Provides a new benchmark for evaluating lighting and shadow consistency.
Demonstrates multi-view coherent and photorealistic results across datasets.
Abstract
3D Gaussian Splatting (3DGS) enables high-fidelity reconstruction of scene geometry and appearance. Building on this capability, inserting external mesh objects into reconstructed 3DGS scenes enables interactive editing and content augmentation for immersive applications such as AR/VR, virtual staging, and digital content creation.
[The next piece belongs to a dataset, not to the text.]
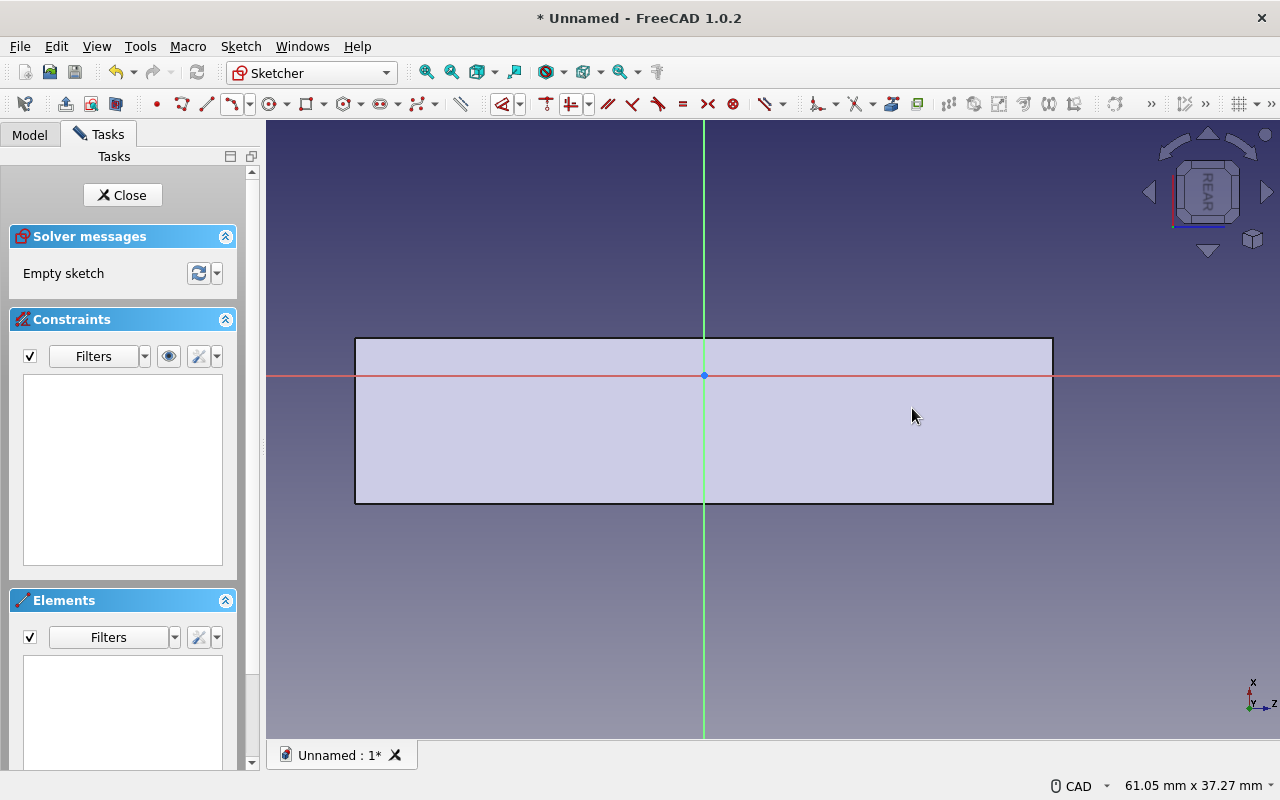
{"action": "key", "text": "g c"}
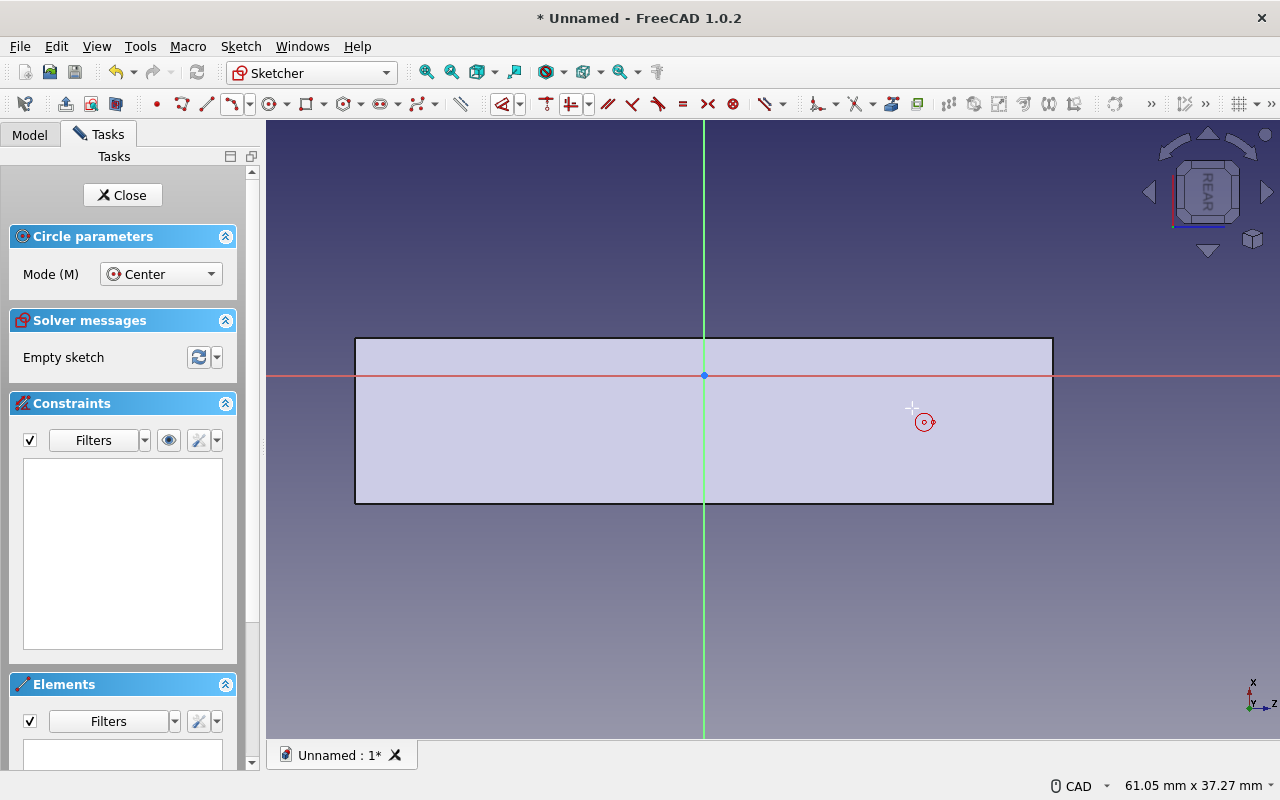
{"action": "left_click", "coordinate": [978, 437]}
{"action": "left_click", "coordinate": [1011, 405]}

However, achieving physically consistent lighting and shadows for mesh insertion remains challenging, as it requires accurate scene illumination estimation and multi-view consistent rendering. To address this challenge, we present LightHarmony3D, a novel framework for illumination-consistent mesh insertion in 3DGS scenes. Central to our approach is our proposed generative module that predicts a full 360{\deg} HDR environment map at the insertion location via a single forward pass. By leveraging generative priors instead of iterative optimization, our method…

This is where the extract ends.